#### [Task brief]
The lines to return are those below that contain the word "Units".

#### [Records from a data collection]
________________

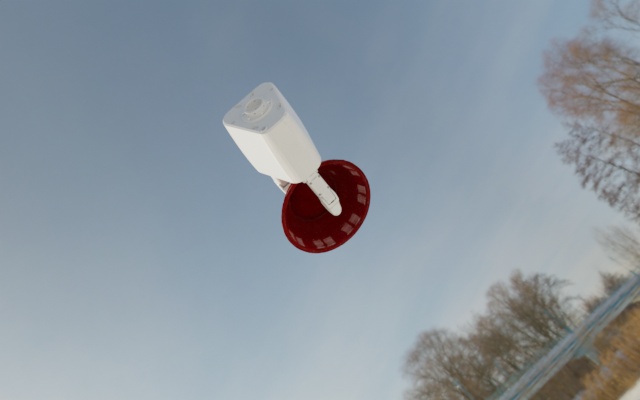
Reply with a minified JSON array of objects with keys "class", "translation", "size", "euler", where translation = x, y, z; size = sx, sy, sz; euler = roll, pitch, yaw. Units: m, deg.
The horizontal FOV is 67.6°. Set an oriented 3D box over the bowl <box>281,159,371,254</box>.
[{"class":"bowl","translation":[0.000,0.003,0.777],"size":[0.162,0.162,0.055],"euler":[0,22,-30]}]
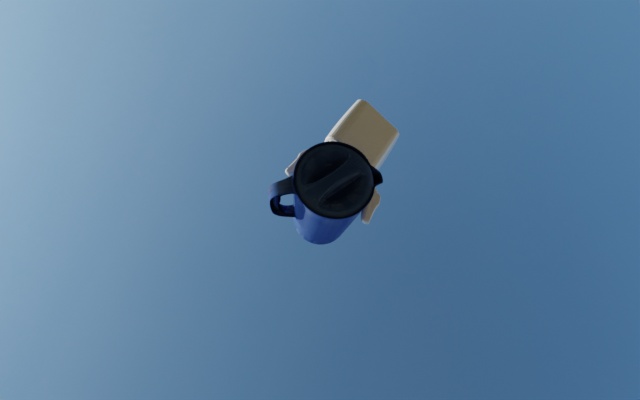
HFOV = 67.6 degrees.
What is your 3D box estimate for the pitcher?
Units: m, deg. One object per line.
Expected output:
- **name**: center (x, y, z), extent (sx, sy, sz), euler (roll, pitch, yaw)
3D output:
- **pitcher**: center (0.000, 0.003, 0.865), extent (0.149, 0.145, 0.243), euler (34, -19, 6)
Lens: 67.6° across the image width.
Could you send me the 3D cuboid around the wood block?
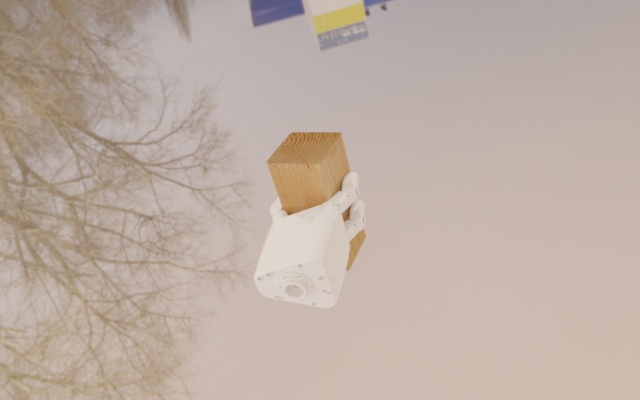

________________

#### [Solved exercise]
Reply with a minified JSON array of objects with keys "class", "translation", "size", "euler", where translation = x, y, z; size = sx, sy, sz; euler = roll, pitch, yaw. Units: m, deg.
Units: m, deg. One object per line.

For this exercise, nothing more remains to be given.